Oliver J A, Sciacca R R
J Clin Invest. 1984 Oct;74(4):1247-51. doi: 10.1172/JCI111534.
Renin is present in vascular smooth muscle cells and has been shown to coexist with angiotensins I (AI) and II (AII) in many cell types. Accordingly, we postulated that the renin-angiotensin system controls vascular tone, not by the action of circulating renal renin but rather, by the local generation of angiotensin by vascular renin. Isolated rat hindquarters were perfused in vitro with Krebs-Henseleit buffer containing 7% albumin, and flow-adjusted to obtain a perfusion pressure of approximately 90 mmHg. Infusion of 4.8 nmol X min-1 for 5 min of AII or AI markedly increased perfusion pressure. An identical dose of the synthetic tetradecaptide of renin substrate (TDCP-RS) increased pressure similarly to AI. The pressure increase evoked by TDCP-RS was markedly decreased by captopril and by two different peptides that inhibit renin. Renin activity in the perfusate, incubated with semipurified rat renin substrate, was 21 +/- 3 pg AI X ml-1 X h-1 (mean +/- SEM) at 15 min of perfusion and 47 +/- 4 pg AI X ml-1 X h-1 at 45 min (n = 9; P less than 0.01). When TDCP-RS was infused at 4.8 nmol X min-1 for 5 min in the presence of captopril, AI in the perfusate increased linearly at a rate of 16.5 pmol X min-1 for 10 min (n = 5). The results indicate that TDCP-RS constricted the vasculature by its conversion to AII and suggest that AII was generated from a two-step hydrolysis of TDCP-RS by renin and converting enzyme. The data thus suggest that the renin-angiotensin system controls vascular tone by the local generation of AII by renin and converting enzyme in the vasculature.

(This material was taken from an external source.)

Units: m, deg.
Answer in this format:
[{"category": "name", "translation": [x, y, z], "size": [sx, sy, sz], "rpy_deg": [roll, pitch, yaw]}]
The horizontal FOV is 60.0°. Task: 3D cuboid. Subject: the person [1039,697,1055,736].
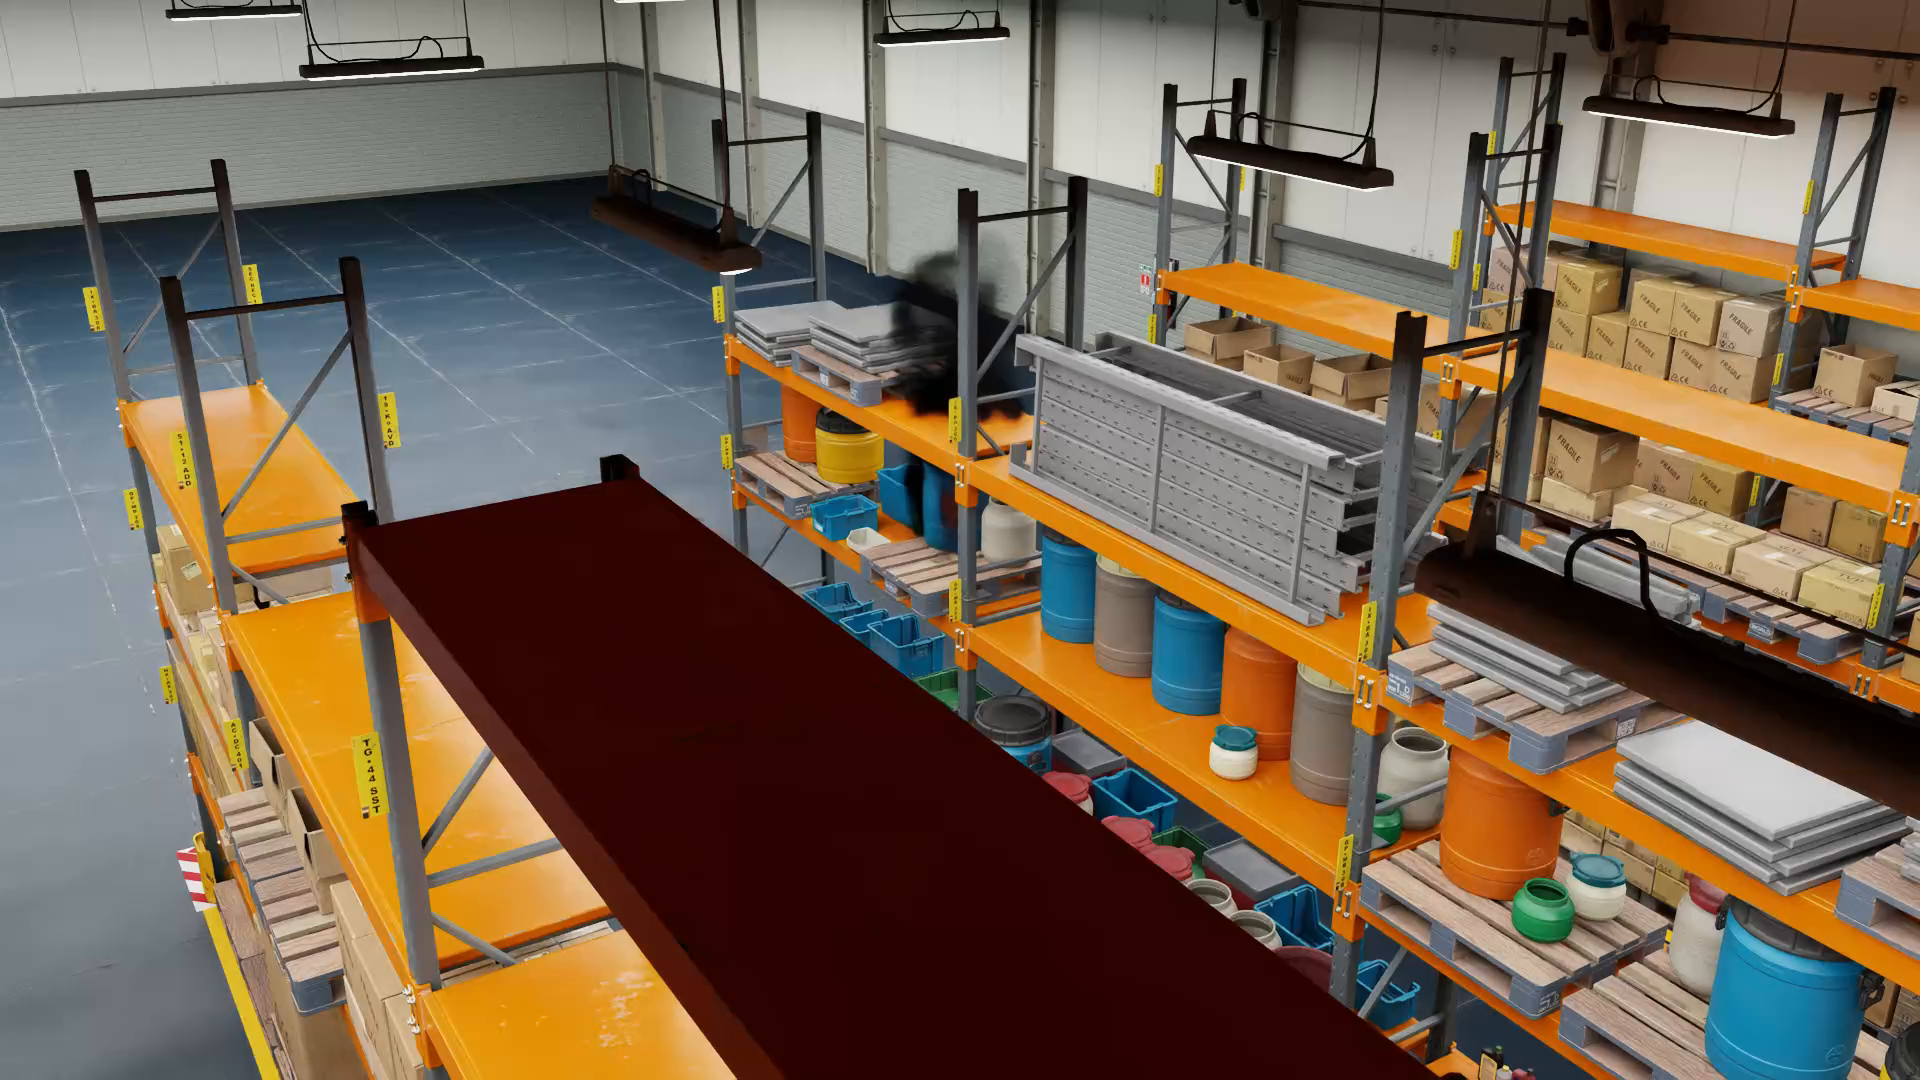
[{"category": "person", "translation": [0.891, 1.455, 15.491], "size": [0.552, 1.715, 0.830], "rpy_deg": [-15, 26, -32]}]

肾素存在于血管平滑肌细胞中,并且已证实在许多细胞类型中与血管紧张素I(AI)和II(AII)共存。因此,我们推测肾素 - 血管紧张素系统控制血管张力,不是通过循环肾素的作用,而是通过血管肾素局部生成血管紧张素。将离体大鼠后肢在体外用含7%白蛋白的Krebs - Henseleit缓冲液灌注,并调节流量以获得约90 mmHg的灌注压。以4.8 nmol·min⁻¹的速率输注AII或AI 持续5分钟,可显著增加灌注压。相同剂量的肾素底物合成十四肽(TDCP - RS)使压力升高的情况与AI相似。卡托普利和两种不同的抑制肾素的肽可显著降低TDCP - RS引起的压力升高。在灌注15分钟时,与半纯化大鼠肾素底物一起孵育的灌注液中的肾素活性为21±3 pg AI·ml⁻¹·h⁻¹(平均值±标准误),在灌注45分钟时为47±4 pg AI·ml⁻¹·h⁻¹(n = 9;P<0.01)。当在卡托普利存在的情况下以4.8 nmol·min⁻¹的速率输注TDCP - RS 5分钟时,灌注液中的AI在10分钟内以16.5 pmol·min⁻¹的速率线性增加(n = 5)。结果表明,TDCP - RS通过转化为AII使血管收缩,并提示AII是由肾素和转换酶对TDCP - RS进行两步水解产生的。因此,这些数据表明肾素 - 血管紧张素系统通过血管中肾素和转换酶局部生成AII来控制血管张力。